- TASK: Check every line of the data below for the word "view". Copy the ones that have it.

- DATA EXCERPTS:
┌──
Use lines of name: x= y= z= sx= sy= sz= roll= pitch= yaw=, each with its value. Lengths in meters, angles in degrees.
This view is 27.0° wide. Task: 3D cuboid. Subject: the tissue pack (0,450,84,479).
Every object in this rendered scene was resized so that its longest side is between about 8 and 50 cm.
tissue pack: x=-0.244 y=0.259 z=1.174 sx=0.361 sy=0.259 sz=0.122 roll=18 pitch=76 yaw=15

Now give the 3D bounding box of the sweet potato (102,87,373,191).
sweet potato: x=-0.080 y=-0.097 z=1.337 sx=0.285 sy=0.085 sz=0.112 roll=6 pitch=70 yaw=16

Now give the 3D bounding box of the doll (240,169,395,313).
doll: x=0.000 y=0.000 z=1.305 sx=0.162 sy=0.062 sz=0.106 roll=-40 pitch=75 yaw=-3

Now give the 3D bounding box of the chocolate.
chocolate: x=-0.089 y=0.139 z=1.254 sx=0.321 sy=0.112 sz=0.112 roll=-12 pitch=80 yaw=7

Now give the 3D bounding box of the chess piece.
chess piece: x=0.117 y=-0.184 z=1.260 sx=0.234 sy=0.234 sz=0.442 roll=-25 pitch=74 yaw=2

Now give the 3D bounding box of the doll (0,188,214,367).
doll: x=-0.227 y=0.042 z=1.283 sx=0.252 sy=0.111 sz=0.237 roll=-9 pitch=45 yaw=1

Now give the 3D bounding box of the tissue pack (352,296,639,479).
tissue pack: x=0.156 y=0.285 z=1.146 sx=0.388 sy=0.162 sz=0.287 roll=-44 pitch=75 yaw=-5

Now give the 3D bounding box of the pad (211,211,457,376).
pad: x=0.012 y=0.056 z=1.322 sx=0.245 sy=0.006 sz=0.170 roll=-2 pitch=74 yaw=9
└──
┌──
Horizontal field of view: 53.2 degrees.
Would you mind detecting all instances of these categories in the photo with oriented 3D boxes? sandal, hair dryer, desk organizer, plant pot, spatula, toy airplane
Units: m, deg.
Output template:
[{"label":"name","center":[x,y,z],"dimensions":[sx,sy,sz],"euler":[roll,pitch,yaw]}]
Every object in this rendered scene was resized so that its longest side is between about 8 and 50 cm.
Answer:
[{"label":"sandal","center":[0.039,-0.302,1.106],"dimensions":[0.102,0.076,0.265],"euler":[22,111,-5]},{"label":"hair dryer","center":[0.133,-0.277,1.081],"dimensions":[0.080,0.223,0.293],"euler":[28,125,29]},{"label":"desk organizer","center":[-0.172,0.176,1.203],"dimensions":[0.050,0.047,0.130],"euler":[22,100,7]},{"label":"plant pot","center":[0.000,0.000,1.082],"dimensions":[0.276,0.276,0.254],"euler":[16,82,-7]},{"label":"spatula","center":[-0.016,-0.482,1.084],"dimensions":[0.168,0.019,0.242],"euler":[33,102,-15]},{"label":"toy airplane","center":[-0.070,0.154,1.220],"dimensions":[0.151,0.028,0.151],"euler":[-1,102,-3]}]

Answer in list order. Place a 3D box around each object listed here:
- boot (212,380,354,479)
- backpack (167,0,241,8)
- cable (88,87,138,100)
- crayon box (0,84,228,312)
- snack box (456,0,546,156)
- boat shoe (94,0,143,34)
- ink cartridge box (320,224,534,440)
└──
┌──
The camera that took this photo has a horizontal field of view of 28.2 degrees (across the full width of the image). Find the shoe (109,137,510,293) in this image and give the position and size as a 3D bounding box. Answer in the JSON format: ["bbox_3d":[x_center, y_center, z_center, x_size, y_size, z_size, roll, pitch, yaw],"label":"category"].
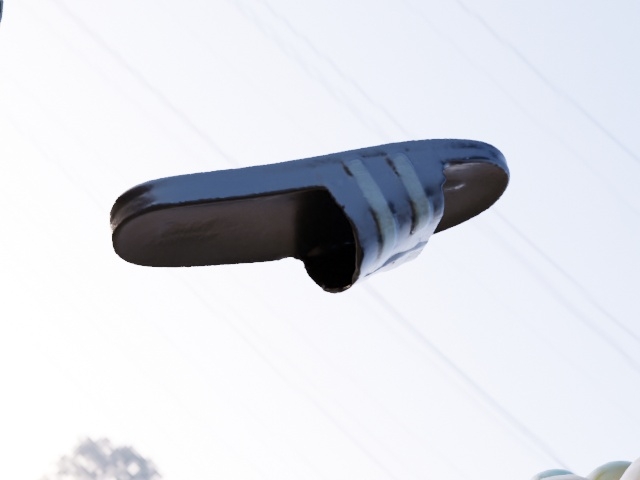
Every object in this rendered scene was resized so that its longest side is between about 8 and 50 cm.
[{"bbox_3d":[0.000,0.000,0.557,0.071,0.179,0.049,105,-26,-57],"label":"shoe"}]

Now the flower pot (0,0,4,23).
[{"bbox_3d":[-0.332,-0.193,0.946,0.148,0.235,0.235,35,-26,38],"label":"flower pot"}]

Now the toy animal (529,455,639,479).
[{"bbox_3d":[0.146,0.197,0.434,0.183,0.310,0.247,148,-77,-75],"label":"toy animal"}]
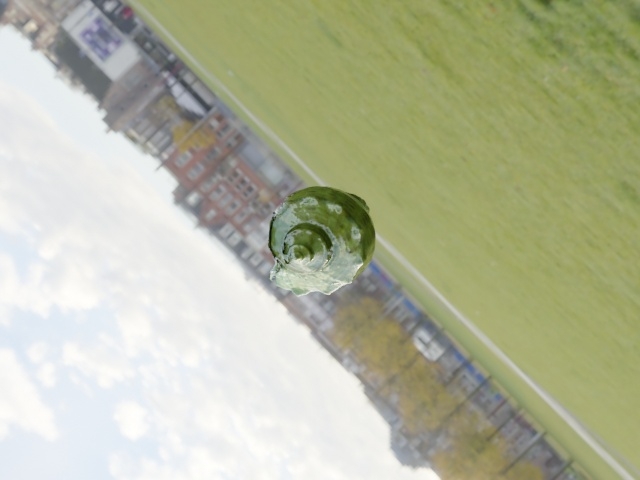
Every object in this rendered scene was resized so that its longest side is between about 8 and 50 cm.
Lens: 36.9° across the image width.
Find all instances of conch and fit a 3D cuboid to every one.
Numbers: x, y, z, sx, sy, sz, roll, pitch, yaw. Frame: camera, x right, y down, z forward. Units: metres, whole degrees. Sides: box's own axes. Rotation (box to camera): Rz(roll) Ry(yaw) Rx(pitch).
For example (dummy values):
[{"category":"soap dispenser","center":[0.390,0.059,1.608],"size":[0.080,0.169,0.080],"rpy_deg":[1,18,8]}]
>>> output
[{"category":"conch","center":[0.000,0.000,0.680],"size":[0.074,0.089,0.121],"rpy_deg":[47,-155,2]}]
└──
- ANSWER TO THE PROBLEM:
This view is 27.0° wide. Task: 3D cuboid. Subject: the tissue pack (0,450,84,479).
Horizontal field of view: 53.2 degrees.
The camera that took this photo has a horizontal field of view of 28.2 degrees (across the full width of the image). Find the shoe (109,137,510,293) in this image and give the position and size as a 3D bounding box. Answer in the JSON format: ["bbox_3d":[x_center, y_center, z_center, x_size, y_size, z_size, roll, pitch, yaw],"label":"category"].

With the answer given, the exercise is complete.